**What to produce**:
In the records below, some lines hold the word "сделал". Copy each of those lines.

**Records for this exercise**:
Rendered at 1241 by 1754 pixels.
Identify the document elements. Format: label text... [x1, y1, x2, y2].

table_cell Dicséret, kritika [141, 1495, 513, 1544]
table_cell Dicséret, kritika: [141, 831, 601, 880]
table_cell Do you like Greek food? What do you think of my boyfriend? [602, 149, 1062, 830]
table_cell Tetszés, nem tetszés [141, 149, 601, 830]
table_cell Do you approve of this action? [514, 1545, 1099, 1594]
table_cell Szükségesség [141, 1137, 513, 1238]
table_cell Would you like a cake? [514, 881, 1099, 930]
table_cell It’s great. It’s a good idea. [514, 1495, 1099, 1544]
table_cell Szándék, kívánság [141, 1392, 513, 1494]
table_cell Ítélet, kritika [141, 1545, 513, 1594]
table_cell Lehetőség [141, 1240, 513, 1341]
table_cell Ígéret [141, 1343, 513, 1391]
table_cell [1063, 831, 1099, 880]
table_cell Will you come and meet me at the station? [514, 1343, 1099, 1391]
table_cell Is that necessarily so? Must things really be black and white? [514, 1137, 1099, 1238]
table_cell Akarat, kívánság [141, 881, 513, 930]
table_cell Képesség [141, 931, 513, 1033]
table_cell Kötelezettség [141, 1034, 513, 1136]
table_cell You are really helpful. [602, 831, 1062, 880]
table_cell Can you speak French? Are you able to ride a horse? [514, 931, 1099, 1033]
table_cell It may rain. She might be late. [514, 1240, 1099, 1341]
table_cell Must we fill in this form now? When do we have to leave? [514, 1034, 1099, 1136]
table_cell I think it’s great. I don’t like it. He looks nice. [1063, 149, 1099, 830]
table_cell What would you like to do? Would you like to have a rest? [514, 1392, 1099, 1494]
...
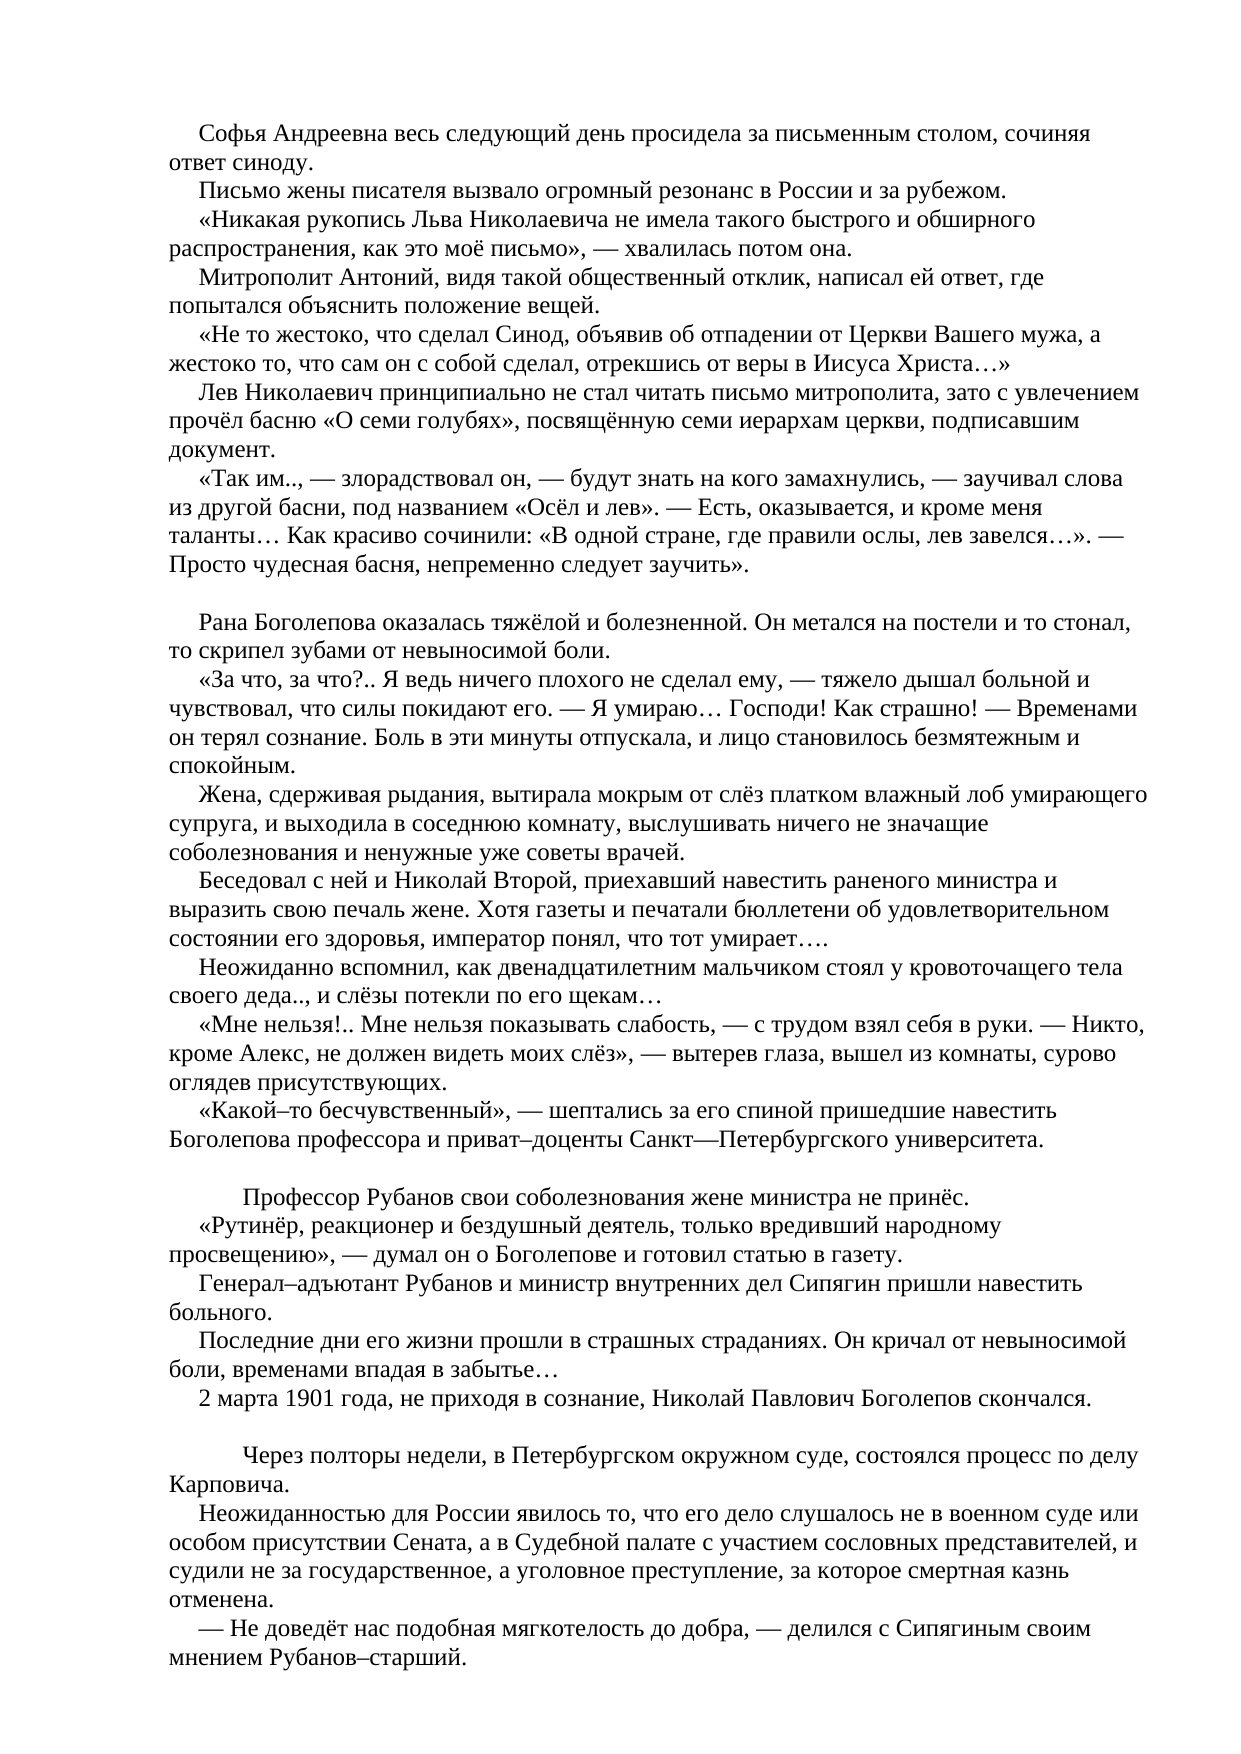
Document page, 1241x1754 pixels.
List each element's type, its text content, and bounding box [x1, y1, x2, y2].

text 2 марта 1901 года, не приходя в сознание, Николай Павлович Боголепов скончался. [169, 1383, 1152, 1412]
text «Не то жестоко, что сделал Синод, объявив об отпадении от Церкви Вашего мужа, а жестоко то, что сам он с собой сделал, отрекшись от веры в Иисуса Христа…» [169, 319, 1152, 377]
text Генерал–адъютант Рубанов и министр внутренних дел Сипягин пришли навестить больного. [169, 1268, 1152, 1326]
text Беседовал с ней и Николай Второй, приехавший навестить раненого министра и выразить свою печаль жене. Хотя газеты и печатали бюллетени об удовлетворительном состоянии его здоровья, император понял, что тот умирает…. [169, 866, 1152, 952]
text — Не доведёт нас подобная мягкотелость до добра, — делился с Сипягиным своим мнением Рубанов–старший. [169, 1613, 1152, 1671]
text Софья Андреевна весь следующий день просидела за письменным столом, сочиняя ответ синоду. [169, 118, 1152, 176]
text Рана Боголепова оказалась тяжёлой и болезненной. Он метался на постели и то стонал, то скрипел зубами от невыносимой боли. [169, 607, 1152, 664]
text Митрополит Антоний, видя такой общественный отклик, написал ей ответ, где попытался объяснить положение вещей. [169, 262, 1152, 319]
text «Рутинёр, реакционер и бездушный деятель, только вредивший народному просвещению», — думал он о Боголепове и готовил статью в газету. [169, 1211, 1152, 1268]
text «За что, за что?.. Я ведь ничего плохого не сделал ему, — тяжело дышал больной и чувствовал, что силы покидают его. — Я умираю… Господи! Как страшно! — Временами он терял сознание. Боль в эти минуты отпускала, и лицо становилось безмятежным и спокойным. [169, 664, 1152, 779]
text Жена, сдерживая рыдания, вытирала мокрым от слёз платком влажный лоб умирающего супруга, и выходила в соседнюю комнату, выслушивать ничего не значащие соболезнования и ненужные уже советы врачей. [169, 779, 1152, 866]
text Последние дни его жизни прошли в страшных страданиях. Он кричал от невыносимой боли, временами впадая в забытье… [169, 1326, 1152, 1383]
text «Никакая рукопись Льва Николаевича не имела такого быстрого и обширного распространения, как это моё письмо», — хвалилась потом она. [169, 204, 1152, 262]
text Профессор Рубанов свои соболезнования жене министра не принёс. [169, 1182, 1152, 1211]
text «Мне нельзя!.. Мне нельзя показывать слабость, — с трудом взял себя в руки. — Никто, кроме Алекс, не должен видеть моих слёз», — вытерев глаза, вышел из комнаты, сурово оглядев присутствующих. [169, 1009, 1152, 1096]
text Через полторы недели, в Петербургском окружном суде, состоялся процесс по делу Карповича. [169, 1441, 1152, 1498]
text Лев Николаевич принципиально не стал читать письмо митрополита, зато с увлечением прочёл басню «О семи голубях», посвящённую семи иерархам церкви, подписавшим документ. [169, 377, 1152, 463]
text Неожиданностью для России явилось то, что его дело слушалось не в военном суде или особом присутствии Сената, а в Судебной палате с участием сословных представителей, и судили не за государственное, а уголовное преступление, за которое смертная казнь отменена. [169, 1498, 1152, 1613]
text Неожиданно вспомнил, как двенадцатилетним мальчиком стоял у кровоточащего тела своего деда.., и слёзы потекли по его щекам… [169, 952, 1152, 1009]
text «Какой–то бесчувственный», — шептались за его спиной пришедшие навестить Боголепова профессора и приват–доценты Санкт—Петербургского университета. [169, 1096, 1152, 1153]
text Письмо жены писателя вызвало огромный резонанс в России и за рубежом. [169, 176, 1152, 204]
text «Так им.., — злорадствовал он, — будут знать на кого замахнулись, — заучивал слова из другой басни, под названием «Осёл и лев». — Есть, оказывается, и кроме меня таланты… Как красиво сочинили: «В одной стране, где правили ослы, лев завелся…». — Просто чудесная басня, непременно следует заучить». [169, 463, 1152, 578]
==
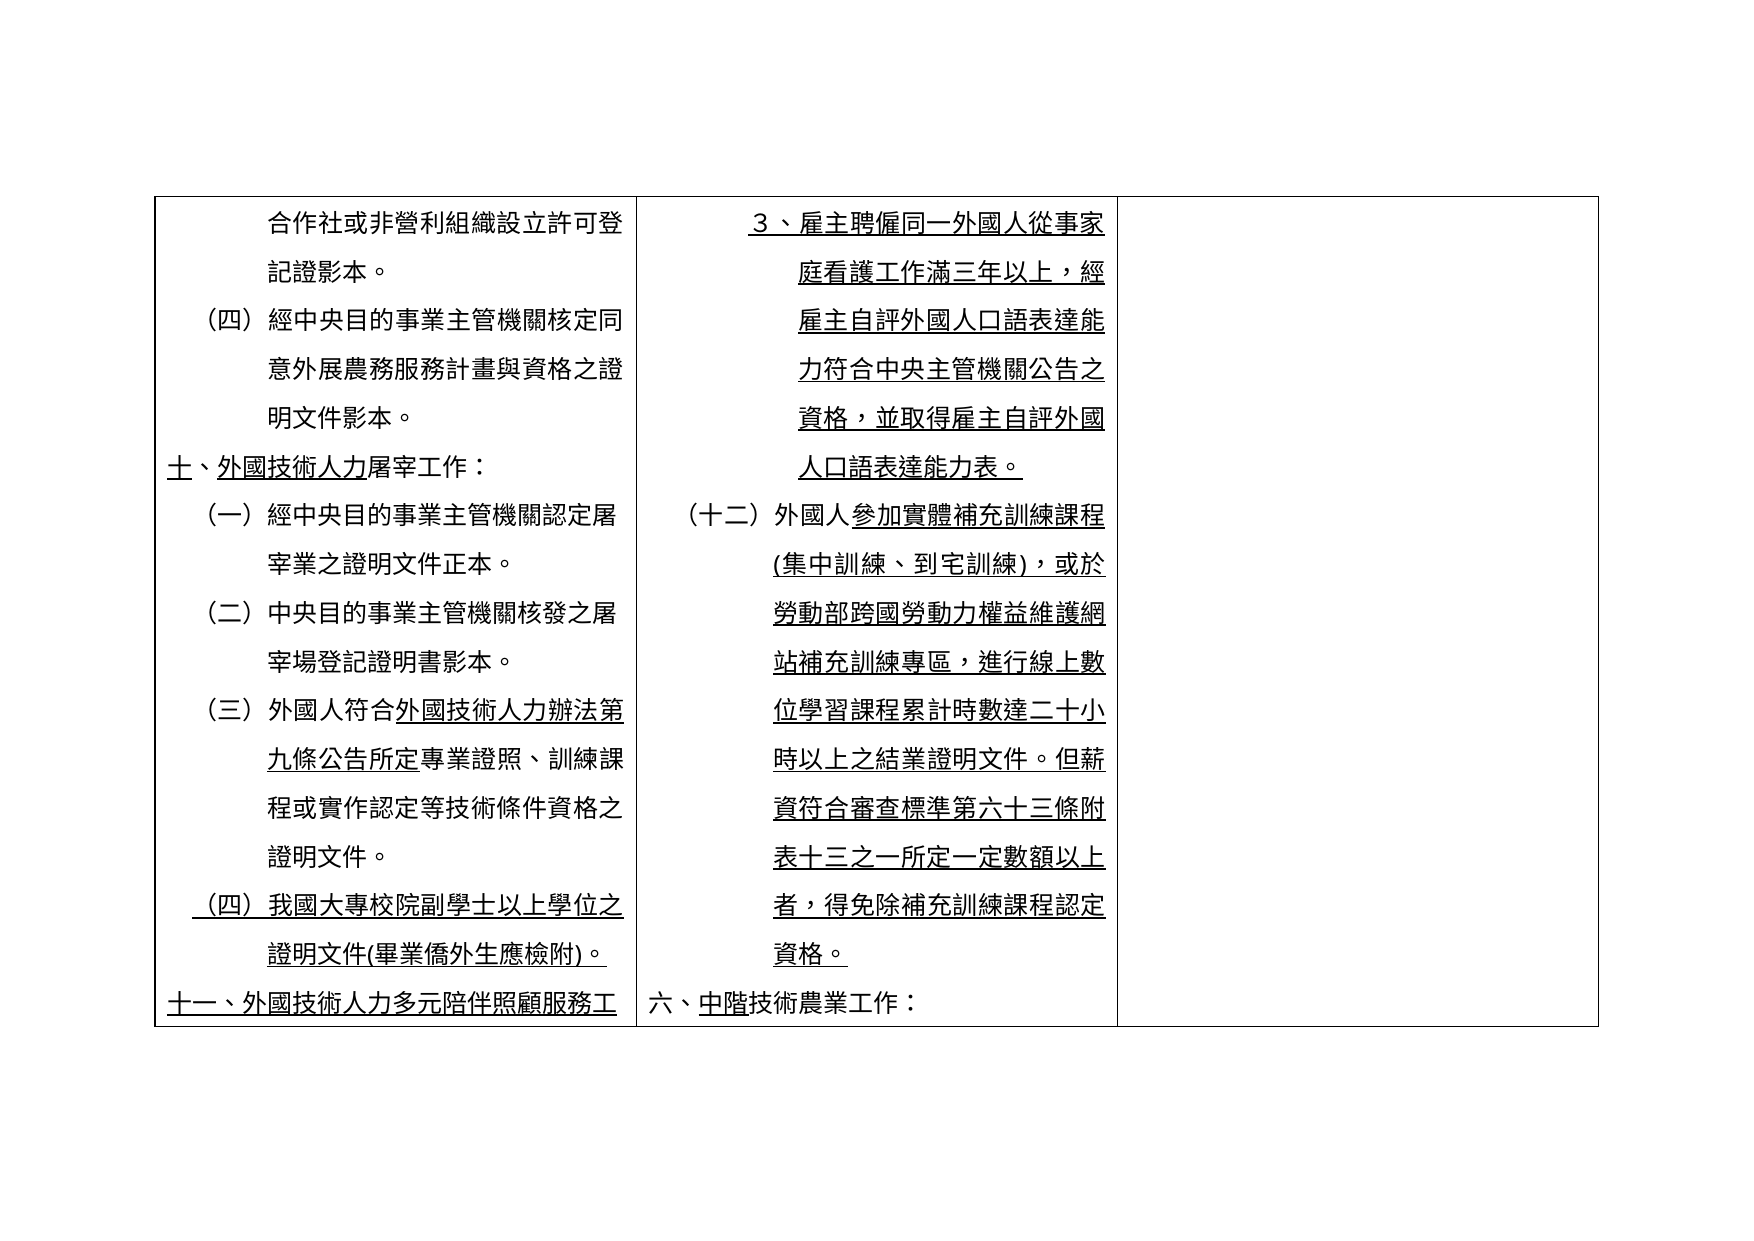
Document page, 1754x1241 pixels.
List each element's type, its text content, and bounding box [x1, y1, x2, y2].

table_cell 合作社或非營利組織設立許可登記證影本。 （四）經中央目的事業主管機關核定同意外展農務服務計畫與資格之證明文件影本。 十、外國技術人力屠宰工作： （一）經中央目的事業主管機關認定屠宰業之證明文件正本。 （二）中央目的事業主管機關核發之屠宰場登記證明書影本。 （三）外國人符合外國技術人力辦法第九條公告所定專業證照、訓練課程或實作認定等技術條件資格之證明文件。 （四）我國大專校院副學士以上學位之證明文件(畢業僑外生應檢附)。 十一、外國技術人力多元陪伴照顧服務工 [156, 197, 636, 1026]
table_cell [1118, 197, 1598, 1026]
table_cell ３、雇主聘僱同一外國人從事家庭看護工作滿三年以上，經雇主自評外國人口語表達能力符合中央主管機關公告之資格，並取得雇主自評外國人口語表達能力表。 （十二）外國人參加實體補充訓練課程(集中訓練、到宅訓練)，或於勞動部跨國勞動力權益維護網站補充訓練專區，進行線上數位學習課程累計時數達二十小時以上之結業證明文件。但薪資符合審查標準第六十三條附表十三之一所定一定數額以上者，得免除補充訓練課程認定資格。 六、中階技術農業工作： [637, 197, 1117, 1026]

**Result for this task**:
text «Не то жестоко, что сделал Синод, объявив об отпадении от Церкви Вашего мужа, а жестоко то, что сам он с собой сделал, отрекшись от веры в Иисуса Христа…» [169, 319, 1152, 377]
text «За что, за что?.. Я ведь ничего плохого не сделал ему, — тяжело дышал больной и чувствовал, что силы покидают его. — Я умираю… Господи! Как страшно! — Временами он терял сознание. Боль в эти минуты отпускала, и лицо становилось безмятежным и спокойным. [169, 664, 1152, 779]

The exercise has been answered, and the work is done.